Burkina Faso: plus de cent morts civils dans une attaque terroriste dévastatrice

Un événement tragique a secoué la région Centre-Nord du Burkina Faso ce samedi, où plus d’une centaine de personnes, majoritairement des civils, ont été brutalement assassinées à Barsalogho. Ces victimes étaient engagées dans la construction de tranchées défensives autour de leur localité, une mesure préventive contre les incursions yihadistes. Des assaillants lourdement armés, arrivés à moto, ont ouvert le feu sans distinction sur la population. Quelques heures après le massacre, le Groupe de Soutien à l’Islam et aux Musulmans (JNIM), une entité affiliée à Al-Qaïda, a revendiqué la responsabilité de cette attaque terroriste. Il est à noter que ces civils avaient été contraints à cette tâche par le Capitaine Ibrahim Traoré, dirigeant de la junte militaire au pouvoir depuis 2022.

Bien que le bilan exact reste incertain, cette agression représente l’une des pires attaques contre des civils que le Burkina Faso ait connues ces dernières années. Selon diverses sources, le nombre de décès oscillerait entre 100 et 200, complété par 140 blessés. Ces derniers ont été rapidement transférés vers l’hôpital de Kaya, situé à environ 45 kilomètres, ainsi que vers d’autres établissements de santé de la zone. Parmi les personnes tuées figurent de nombreux membres des Volontaires de Défense de la Patrie (VDP), une milice civile mise en place par le gouvernement burkinabé pour appuyer les forces armées dans la lutte antiterroriste. Les assaillants ont également mis la main sur des armes et une ambulance militaire.

La région du Centre-Nord est tristement célèbre pour être un théâtre fréquent d’embuscades, d’assauts et de pose d’engins explosifs par la branche locale du JNIM, le groupe yihadiste le plus actif au cœur du Sahel. Parallèlement, cette zone accueille des dizaines de milliers de personnes déplacées internes, fuyant la violence qui sévit plus au nord du pays, dans la région du Sahel. Barsalogho se trouve à 145 kilomètres de la capitale, Ouagadougou.

Depuis son accession au pouvoir par un coup d’État en septembre 2022, le Capitaine Traoré a érigé la lutte contre les yihadistes et la reprise du contrôle de l’intégralité du territoire national en objectif prioritaire. «Je consacre 80% de mon temps à la guerre», a-t-il affirmé récemment.
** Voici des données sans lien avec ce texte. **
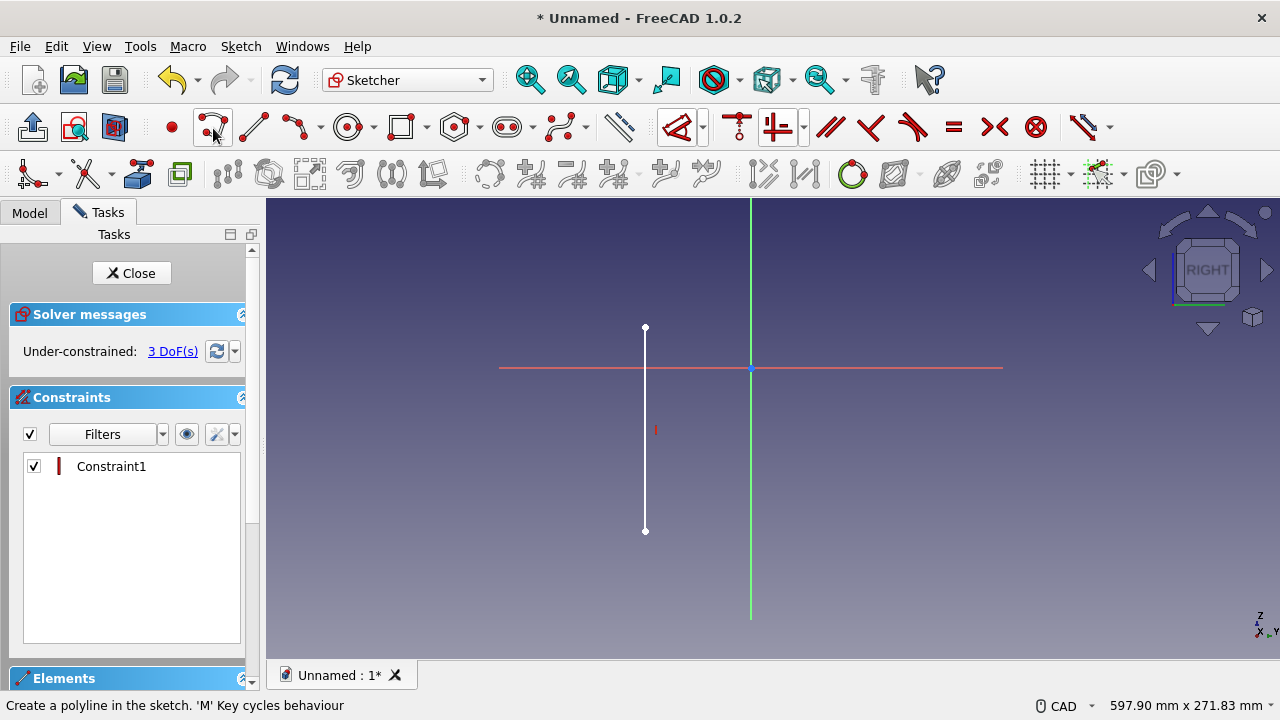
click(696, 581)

Malgré l’arrivée d’une centaine d’instructeurs et de mercenaires russes, leur rôle principal semble être la protection de Traoré lui-même. Le capitaine a préféré axer sa stratégie de reconquête sur l’acquisition de matériel, comme des drones de combat de fabrication turque, et sur l’engagement de la population civile, notamment par le biais du recrutement de volontaires. Des dizaines de civils ont également été envoyés au front en guise de punition pour leurs critiques envers la junte militaire.

Volontaires sans armement adéquat

Ces Volontaires de Défense de la Patrie (VDP), dont environ 30 000 sont déployés en première ligne de défense, bénéficient d’une formation militaire élémentaire. Cependant, dans de nombreux cas, ils manquent cruellement d’armes ou de munitions pour faire face aux terroristes. Ils sont, de fait, devenus des cibles privilégiées pour ces groupes radicaux, comme en témoigne l’incident de Barsalogho. Le Projet de Données sur les Événements et l’Emplacement des Conflits Armés (Acled) estime qu’environ 5 000 volontaires ont perdu la vie lors de diverses attaques depuis la création des VDP en 2019. Malgré l’engagement patriotique profond de beaucoup d’entre eux, le mécontentement grandit au sein de leurs rangs, selon une source burkinabé proche des VDP. Pour leur service, ils perçoivent une prime mensuelle d’environ 120 euros.

Le Burkina Faso est confronté à une insurrection yihadiste depuis 2015, avec une intensité particulière dans le nord, l’est et l’ouest du pays. Ce conflit a entraîné des milliers de morts et plus de deux millions de déplacés internes. On estime que plus de la moitié du territoire burkinabé échappe au contrôle de l’État. Dans de vastes zones du pays, la présence des forces de défense se limite aux axes routiers principaux et aux grandes agglomérations. Les attaques yihadistes contre militaires et civils, souvent des volontaires ou leurs familles, sont incessantes. Toutefois, l’armée et les VDP sont également accusés de violences. En avril dernier, Human Rights Watch a dénoncé la mort de 223 civils, dont 56 enfants, dans deux villages du nord du pays, imputant ces actes aux Forces Armées et à leurs auxiliaires civils. Le gouvernement burkinabé a formellement démenti ces allégations.

Campo de déplacés internes de Barsalogho, la région Centre-Nord du Burkina Faso où la tuerie a été perpétrée par les islamistes, sur une image de 2020.